Extract a part of a filename containing a particular word

Hi All,
Thanks in Advance

Shell Script or Perl Script
I am working on a shell script. I need some assistance.

My Requirement:

1) There are some set of files in a directory like given below

OTP_UFSC_20120530000000_acc.csv
OTP_UFSC_20120530000000_faf.csv
OTP_UFSC_20120530000000_prom.csv
OTP_UFSC_20120530000000_subs.csv

I want to check if all thes files exists in the directory

the keywords are acc.csv, faf.csv, prom.csv, subs.csv
apart from this all the other things vary time to time (like the field seperator used in the file (can be.,-,_ etc) and the names OTP UFSC will vary.

2) if the file does not exist I have to touch (Create a empty file by that name)
Example : Imagine the file OTP_UFSC_20120530000000_acc.csv doesnot exist
in the directory
I have to search first if a file *acc.csv exist in the directory or not. If not i will extract the prefix anything before acc.csv (in this case OTP_UFSC_20120530000000_) from an existing file which is common to all the files in the directory
and create a file OTP_UFSC_20120530000000_acc.csv

Any suggestions and help

Which shell? Which OS?

If the prefix will always end with "", and if there are no "" but in the prefix, it's trivial.

Something like:

$ prefix="$(ls |grep -o '.*_' |head -n1)
$ [ -f *acc.csv ] || touch "$prefix"acc.csv
$ [ -f *faf.csv ] || touch "$prefix"faf.csv
$ [ -f *prom.csv ] || touch "$prefix"prom.csv
$ [ -f *subs.csv ] || touch "$prefix"subs.csv

--
Bye

Or take the first 24 characters of the filename:

prefix=$(ls|head -1| sed 's/^\(.\{24\}\).*/\1/')
for file in acc faf prom subs ; do
        [ -e ${prefix}${file}.csv ] || touch ${prefix}${file}.csv
done

Hi Thanks for your quickest reply.
Also the no of letters before the acc.csv varies and it also can have any field seperators like (- . _) etc
Please can you help me.

---------- Post updated at 09:27 PM ---------- Previous update was at 09:24 PM ----------

This is my code and its not working
please provide me a suggestion

 if [ "$VERSION" = "1.1" ]
        then 
              set  "subscriber" "promplan" "mapping" "dedicatedaccount" "faflistSub" "faflistAcc" "accumulator" "pam_account";
              for i in 1 2 3 4 5 6 7 8;
              do
              count=`ls /mnt/sf_MY_LAPTOP/SDPDUMP/*.csv|grep -i _\.csv$|wc -l`;
              if [ $count -eq 0 ]
              then
                                      touch <file_prefix>_$1.csv;
             shift
             elif
             exit;
done
fi
done

So your only way to find the prefix is to extract the longest common starting substring among all the names of files in the directory, isn't it?
--
Bye

In what way is it "not working"? Be specific.
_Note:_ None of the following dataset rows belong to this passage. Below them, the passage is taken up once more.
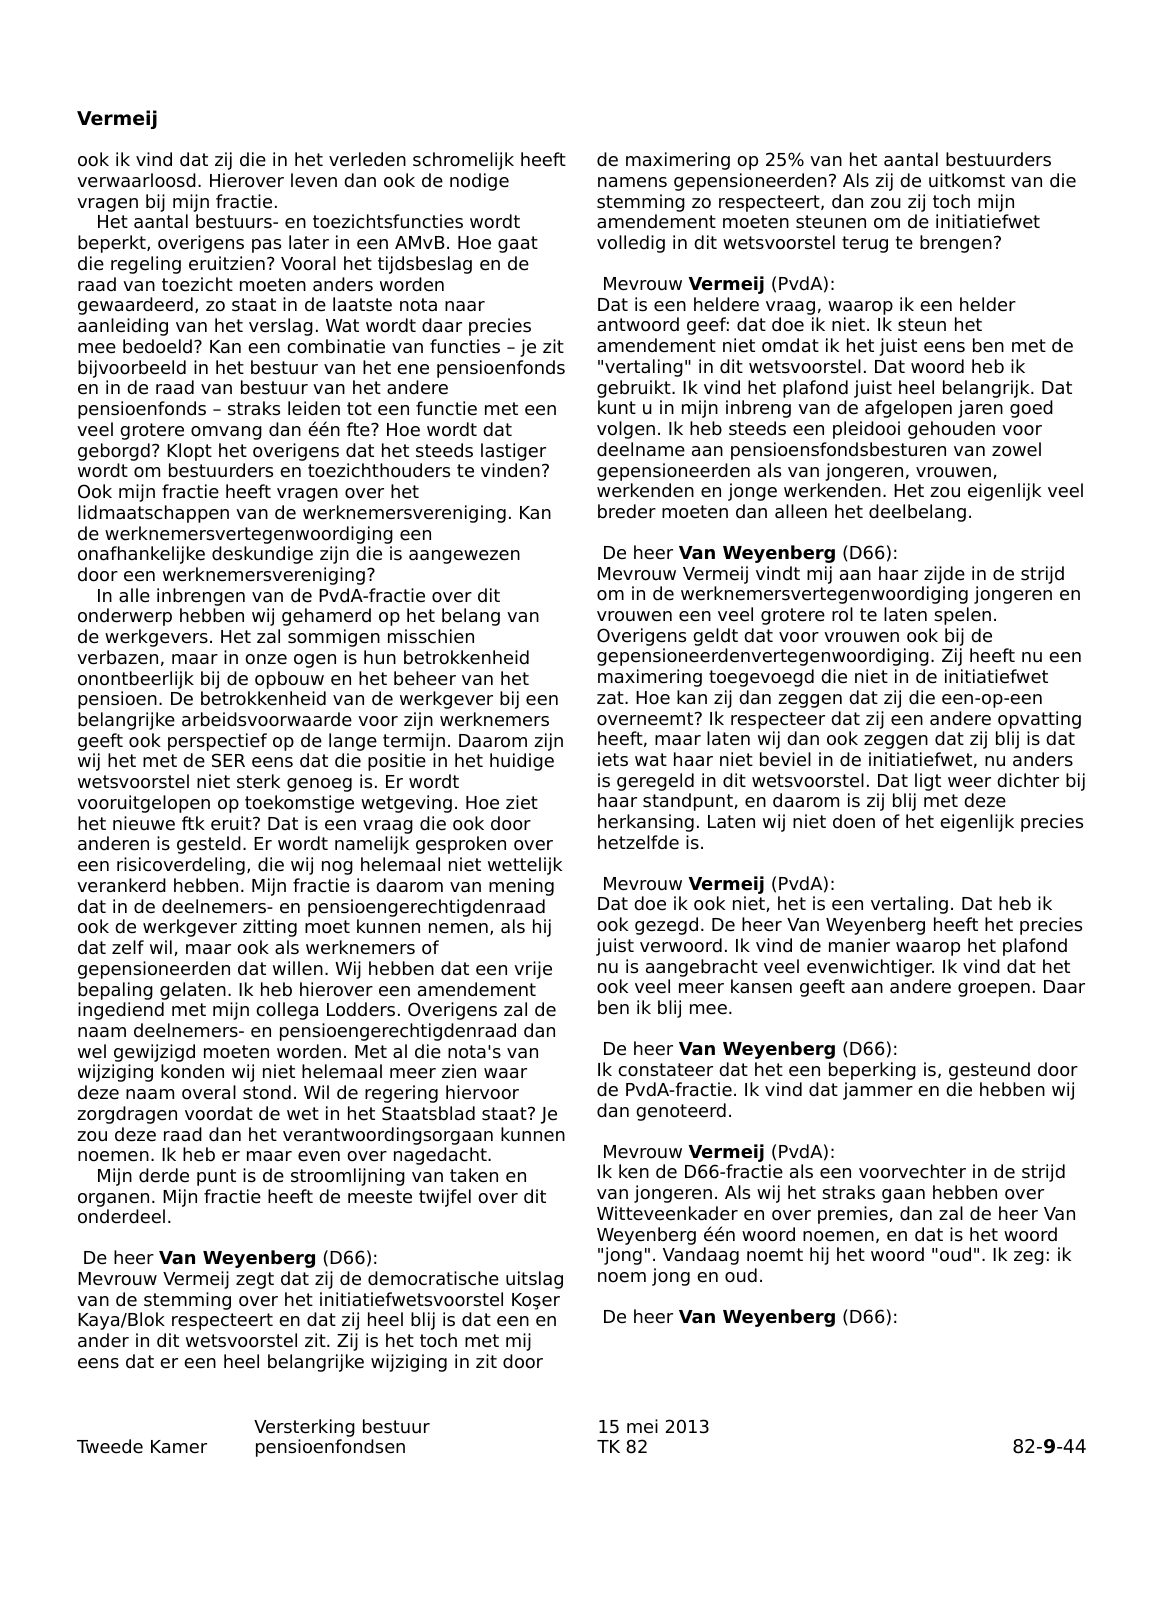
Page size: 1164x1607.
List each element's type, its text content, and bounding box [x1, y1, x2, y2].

text Mevrouw Vermeij zegt dat zij de democratische uitslag van de stemming over het initiatiefwetsvoorstel Koşer Kaya/Blok respecteert en dat zij heel blij is dat een en ander in dit wetsvoorstel zit. Zij is het toch met mij eens dat er een heel belangrijke wijziging in zit door [77, 1269, 567, 1372]
text De heer Van Weyenberg (D66): [77, 1248, 567, 1269]
text Het aantal bestuurs- en toezichtsfuncties wordt beperkt, overigens pas later in een AMvB. Hoe gaat die regeling eruitzien? Vooral het tijdsbeslag en de raad van toezicht moeten anders worden gewaardeerd, zo staat in de laatste nota naar aanleiding van het verslag. Wat wordt daar precies mee bedoeld? Kan een combinatie van functies – je zit bijvoorbeeld in het bestuur van het ene pensioenfonds en in de raad van bestuur van het andere pensioenfonds – straks leiden tot een functie met een veel grotere omvang dan één fte? Hoe wordt dat geborgd? Klopt het overigens dat het steeds lastiger wordt om bestuurders en toezichthouders te vinden? Ook mijn fractie heeft vragen over het lidmaatschappen van de werknemersvereniging. Kan de werknemersvertegenwoordiging een onafhankelijke deskundige zijn die is aangewezen door een werknemersvereniging? [77, 212, 567, 586]
text In alle inbrengen van de PvdA-fractie over dit onderwerp hebben wij gehamerd op het belang van de werkgevers. Het zal sommigen misschien verbazen, maar in onze ogen is hun betrokkenheid onontbeerlijk bij de opbouw en het beheer van het pensioen. De betrokkenheid van de werkgever bij een belangrijke arbeidsvoorwaarde voor zijn werknemers geeft ook perspectief op de lange termijn. Daarom zijn wij het met de SER eens dat die positie in het huidige wetsvoorstel niet sterk genoeg is. Er wordt vooruitgelopen op toekomstige wetgeving. Hoe ziet het nieuwe ftk eruit? Dat is een vraag die ook door anderen is gesteld. Er wordt namelijk gesproken over een risicoverdeling, die wij nog helemaal niet wettelijk verankerd hebben. Mijn fractie is daarom van mening dat in de deelnemers- en pensioengerechtigdenraad ook de werkgever zitting moet kunnen nemen, als hij dat zelf wil, maar ook als werknemers of gepensioneerden dat willen. Wij hebben dat een vrije bepaling gelaten. Ik heb hierover een amendement ingediend met mijn collega Lodders. Overigens zal de naam deelnemers- en pensioengerechtigdenraad dan wel gewijzigd moeten worden. Met al die nota's van wijziging konden wij niet helemaal meer zien waar deze naam overal stond. Wil de regering hiervoor zorgdragen voordat de wet in het Staatsblad staat? Je zou deze raad dan het verantwoordingsorgaan kunnen noemen. Ik heb er maar even over nagedacht. [77, 586, 567, 1166]
text Mevrouw Vermeij (PvdA): [596, 274, 1087, 294]
text De heer Van Weyenberg (D66): [596, 1039, 1087, 1059]
text Ik constateer dat het een beperking is, gesteund door de PvdA-fractie. Ik vind dat jammer en die hebben wij dan genoteerd. [596, 1059, 1087, 1122]
text De heer Van Weyenberg (D66): [596, 543, 1087, 563]
text ook ik vind dat zij die in het verleden schromelijk heeft verwaarloosd. Hierover leven dan ook de nodige vragen bij mijn fractie. [77, 150, 567, 212]
text Dat doe ik ook niet, het is een vertaling. Dat heb ik ook gezegd. De heer Van Weyenberg heeft het precies juist verwoord. Ik vind de manier waarop het plafond nu is aangebracht veel evenwichtiger. Ik vind dat het ook veel meer kansen geeft aan andere groepen. Daar ben ik blij mee. [596, 894, 1087, 1019]
text Mevrouw Vermeij (PvdA): [596, 1142, 1087, 1162]
text Mevrouw Vermeij (PvdA): [596, 873, 1087, 894]
text Mijn derde punt is de stroomlijning van taken en organen. Mijn fractie heeft de meeste twijfel over dit onderdeel. [77, 1166, 567, 1228]
text Dat is een heldere vraag, waarop ik een helder antwoord geef: dat doe ik niet. Ik steun het amendement niet omdat ik het juist eens ben met de "vertaling" in dit wetsvoorstel. Dat woord heb ik gebruikt. Ik vind het plafond juist heel belangrijk. Dat kunt u in mijn inbreng van de afgelopen jaren goed volgen. Ik heb steeds een pleidooi gehouden voor deelname aan pensioensfondsbesturen van zowel gepensioneerden als van jongeren, vrouwen, werkenden en jonge werkenden. Het zou eigenlijk veel breder moeten dan alleen het deelbelang. [596, 294, 1087, 523]
text De heer Van Weyenberg (D66): [596, 1307, 1087, 1327]
text de maximering op 25% van het aantal bestuurders namens gepensioneerden? Als zij de uitkomst van die stemming zo respecteert, dan zou zij toch mijn amendement moeten steunen om de initiatiefwet volledig in dit wetsvoorstel terug te brengen? [596, 150, 1087, 254]
text Mevrouw Vermeij vindt mij aan haar zijde in de strijd om in de werknemersvertegenwoordiging jongeren en vrouwen een veel grotere rol te laten spelen. Overigens geldt dat voor vrouwen ook bij de gepensioneerdenvertegenwoordiging. Zij heeft nu een maximering toegevoegd die niet in de initiatiefwet zat. Hoe kan zij dan zeggen dat zij die een-op-een overneemt? Ik respecteer dat zij een andere opvatting heeft, maar laten wij dan ook zeggen dat zij blij is dat iets wat haar niet beviel in de initiatiefwet, nu anders is geregeld in dit wetsvoorstel. Dat ligt weer dichter bij haar standpunt, en daarom is zij blij met deze herkansing. Laten wij niet doen of het eigenlijk precies hetzelfde is. [596, 563, 1087, 853]
text Ik ken de D66-fractie als een voorvechter in de strijd van jongeren. Als wij het straks gaan hebben over Witteveenkader en over premies, dan zal de heer Van Weyenberg één woord noemen, en dat is het woord "jong". Vandaag noemt hij het woord "oud". Ik zeg: ik noem jong en oud. [596, 1162, 1087, 1287]

awk can have a string delimiter supplied and parse the first part as a separate string. Use that for determining your file names.

ls -1 *acc.csv | awk -F"acc.csv$" '{print $1}'

You also have other open threads with the same question. You may want to close them.

#!/usr/bin/perl

@a=qw(acc faf prom subs);
opendir(DH,"/dir/path");
$flg=1;
@files=grep(/.*\.csv/,readdir(DH));
while (<@files>) {
undef $file_Pre;
if (/(.+?[_-]\d{14}[_-])(.+?)\.csv$/){
        for ($i=0;$i<=$#a;$i++) {
                $file_Pre .= $1 . $a[$i]."\.csv";
                if ( ! -e $file_Pre ) {system("touch $file_Pre"); }
                undef $file_Pre;
        }
}
}

close(DH);